▸ **Exercise brief**: From the data below, return the exact lines starting at the line containing "In the same image, the chair" and ending at the line containing "In the same image, the speaker", both included, and nothing else.

Records from a collection:
§
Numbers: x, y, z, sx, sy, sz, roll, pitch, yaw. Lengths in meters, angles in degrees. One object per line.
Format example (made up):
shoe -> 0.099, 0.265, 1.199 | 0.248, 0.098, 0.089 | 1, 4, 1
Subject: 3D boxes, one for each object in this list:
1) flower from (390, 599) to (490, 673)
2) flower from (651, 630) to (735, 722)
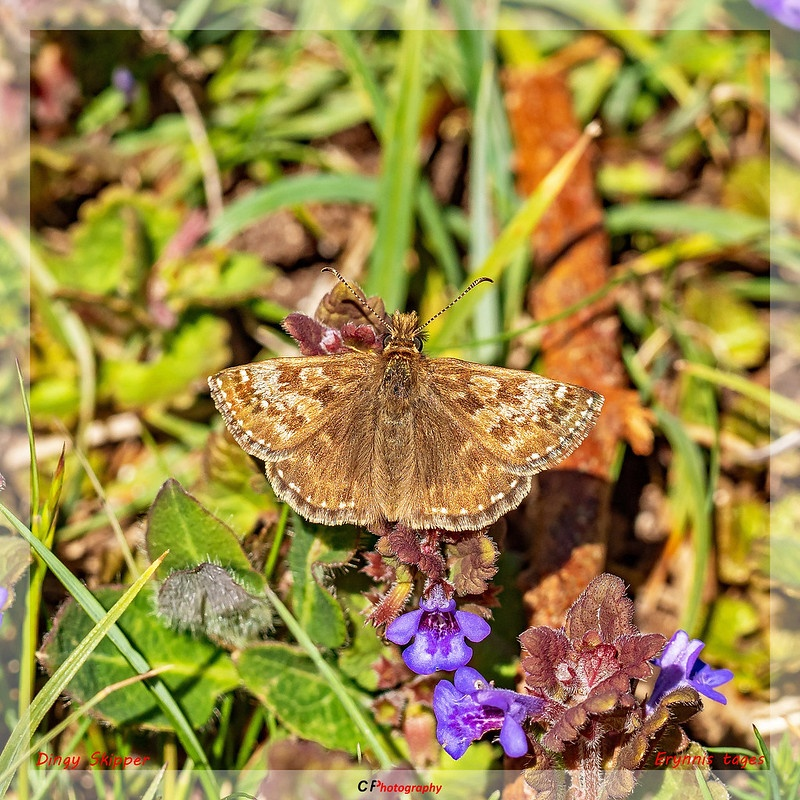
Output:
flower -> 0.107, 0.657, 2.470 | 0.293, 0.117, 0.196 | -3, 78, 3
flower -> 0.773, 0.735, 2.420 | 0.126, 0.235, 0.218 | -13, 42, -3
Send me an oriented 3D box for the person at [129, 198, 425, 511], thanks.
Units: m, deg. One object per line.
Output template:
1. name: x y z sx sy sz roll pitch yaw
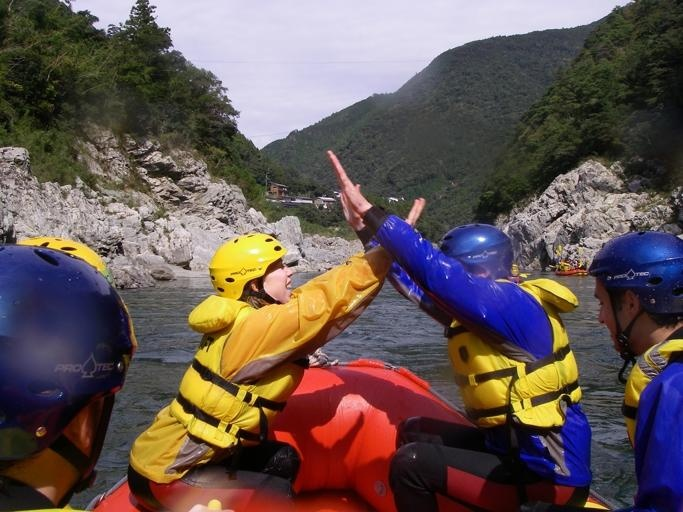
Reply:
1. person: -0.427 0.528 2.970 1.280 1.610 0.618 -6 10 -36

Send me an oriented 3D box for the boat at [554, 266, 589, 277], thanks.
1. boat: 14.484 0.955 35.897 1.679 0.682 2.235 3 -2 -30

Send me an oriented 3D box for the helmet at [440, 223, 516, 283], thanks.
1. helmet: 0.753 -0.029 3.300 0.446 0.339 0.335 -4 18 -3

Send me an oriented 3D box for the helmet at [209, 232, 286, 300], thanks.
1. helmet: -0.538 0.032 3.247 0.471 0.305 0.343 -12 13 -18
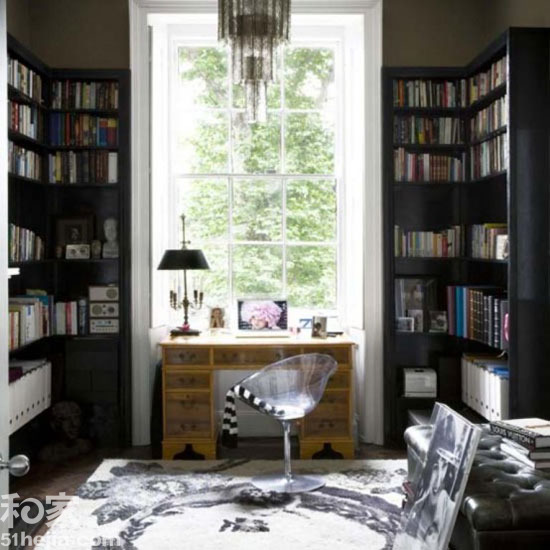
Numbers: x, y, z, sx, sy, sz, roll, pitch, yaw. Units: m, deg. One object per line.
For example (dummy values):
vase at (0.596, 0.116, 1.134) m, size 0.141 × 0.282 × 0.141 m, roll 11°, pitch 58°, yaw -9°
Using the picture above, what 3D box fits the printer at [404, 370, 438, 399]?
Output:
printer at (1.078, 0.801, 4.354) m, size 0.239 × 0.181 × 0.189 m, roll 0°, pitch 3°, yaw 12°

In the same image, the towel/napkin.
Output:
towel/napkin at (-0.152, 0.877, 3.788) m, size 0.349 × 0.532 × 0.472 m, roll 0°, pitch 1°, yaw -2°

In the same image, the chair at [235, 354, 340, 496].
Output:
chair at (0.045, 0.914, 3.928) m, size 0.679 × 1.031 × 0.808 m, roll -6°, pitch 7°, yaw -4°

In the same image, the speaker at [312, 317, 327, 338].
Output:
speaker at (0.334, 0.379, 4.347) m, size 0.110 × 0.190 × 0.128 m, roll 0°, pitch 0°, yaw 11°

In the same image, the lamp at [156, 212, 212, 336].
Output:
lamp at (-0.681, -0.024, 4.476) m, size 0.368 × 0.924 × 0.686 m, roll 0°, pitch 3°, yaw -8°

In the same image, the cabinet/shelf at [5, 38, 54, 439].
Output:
§
▸ **Task result**:
In the same image, the chair at [235, 354, 340, 496].
Output:
chair at (0.045, 0.914, 3.928) m, size 0.679 × 1.031 × 0.808 m, roll -6°, pitch 7°, yaw -4°

In the same image, the speaker at [312, 317, 327, 338].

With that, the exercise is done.